Once we have fit_transformed our data (allowing for vtreat magic to work), we can introduce `catboost` into our Pipeline.  

```python
catboost_clf = CatBoostClassifier()

train_vlaid = Split(name="train_vlaid")
vlaid = Split(name="vlaid")
for fold_name, (train_vlaid.idx, vlaid.idx) in enumerate(StratifiedSplitValid(_train_X, train.y, n_split=5, train_size=0.9) ):
    train_vlaid, vlaid = get_split_from_idx(_train_X, train.y, train_vlaid, vlaid)

    pipe.steps.append(("catboost_clf",catboost_clf))
    
    pipe.fit(train_size.X, train_vlaid.y,
            catboost_clf__eval_set=[(valid.X, valid.y)],
    )
    
```
Notice the two following things:  
1. Using `pipe.steps.append` we are able to introduce steps into the pipeline that could not be initially part of the workflow.  
2. Adding paramters into the steps within the pipeline requies the usage of double dunder for [nested paramters](https://scikit-learn.org/stable/modules/compose.html#nested-parameters).  
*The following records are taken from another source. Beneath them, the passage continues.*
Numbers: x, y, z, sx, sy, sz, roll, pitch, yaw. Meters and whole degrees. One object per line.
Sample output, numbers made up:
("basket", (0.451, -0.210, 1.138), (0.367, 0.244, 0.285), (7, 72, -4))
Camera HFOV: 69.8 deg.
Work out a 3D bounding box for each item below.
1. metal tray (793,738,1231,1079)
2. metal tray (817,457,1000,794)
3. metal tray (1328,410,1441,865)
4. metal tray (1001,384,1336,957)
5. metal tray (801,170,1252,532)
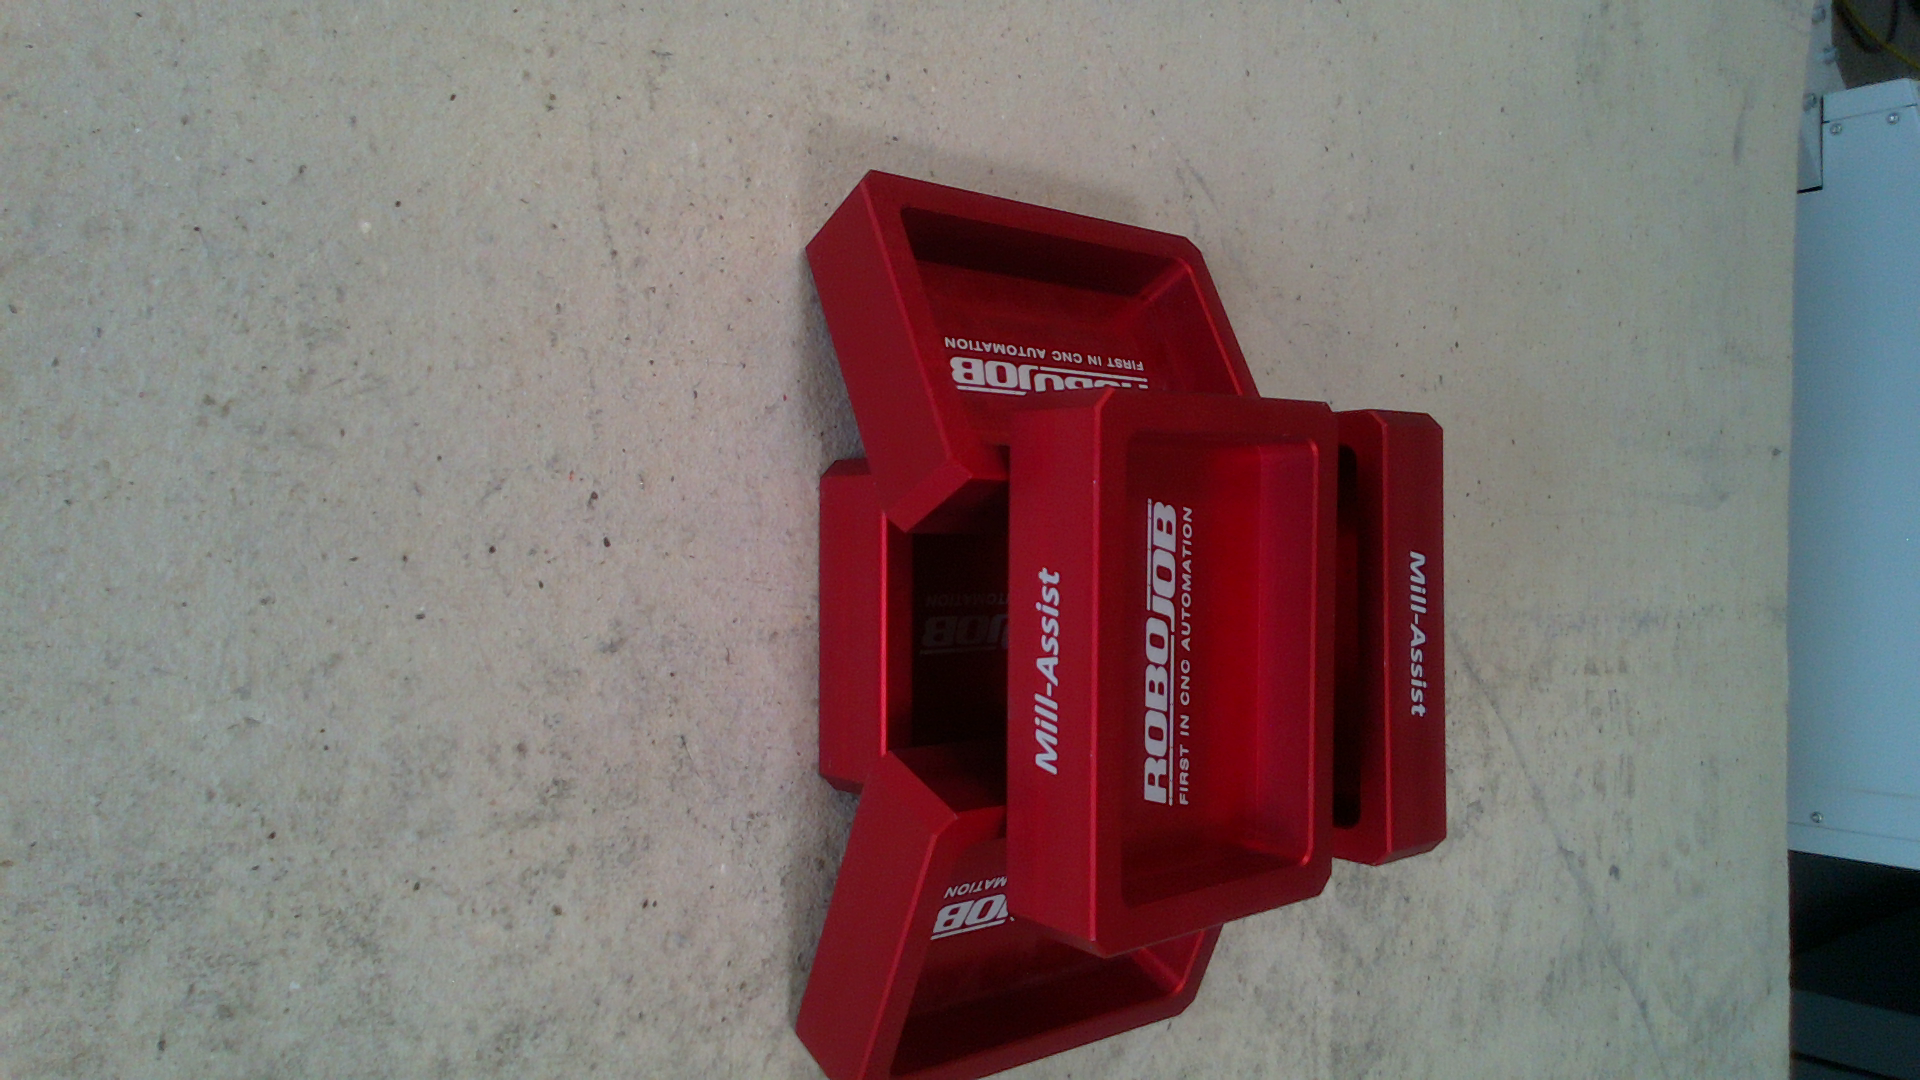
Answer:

Finally we can get some result  

```python
test.pred_class = pipe.(test.X)  
test.pred_proba = pipe.pred_proba(test.X)[:,1]
```  

Now lets say we want to analyse our model and analyse some specific observations or generate our confusion_matrix we can run the following code:  

```python

from sklearn.metrics import confusion_matrix
conf_matrix_test = confusion_matrix(y_true=test.y, y_pred=test.pred_class )

```





## Conclusion  

This blog post outlined the advantages for using Pipelines and Dataclasses.  

I hope the example illustrated the potentail for such usage and inspires you to try them out.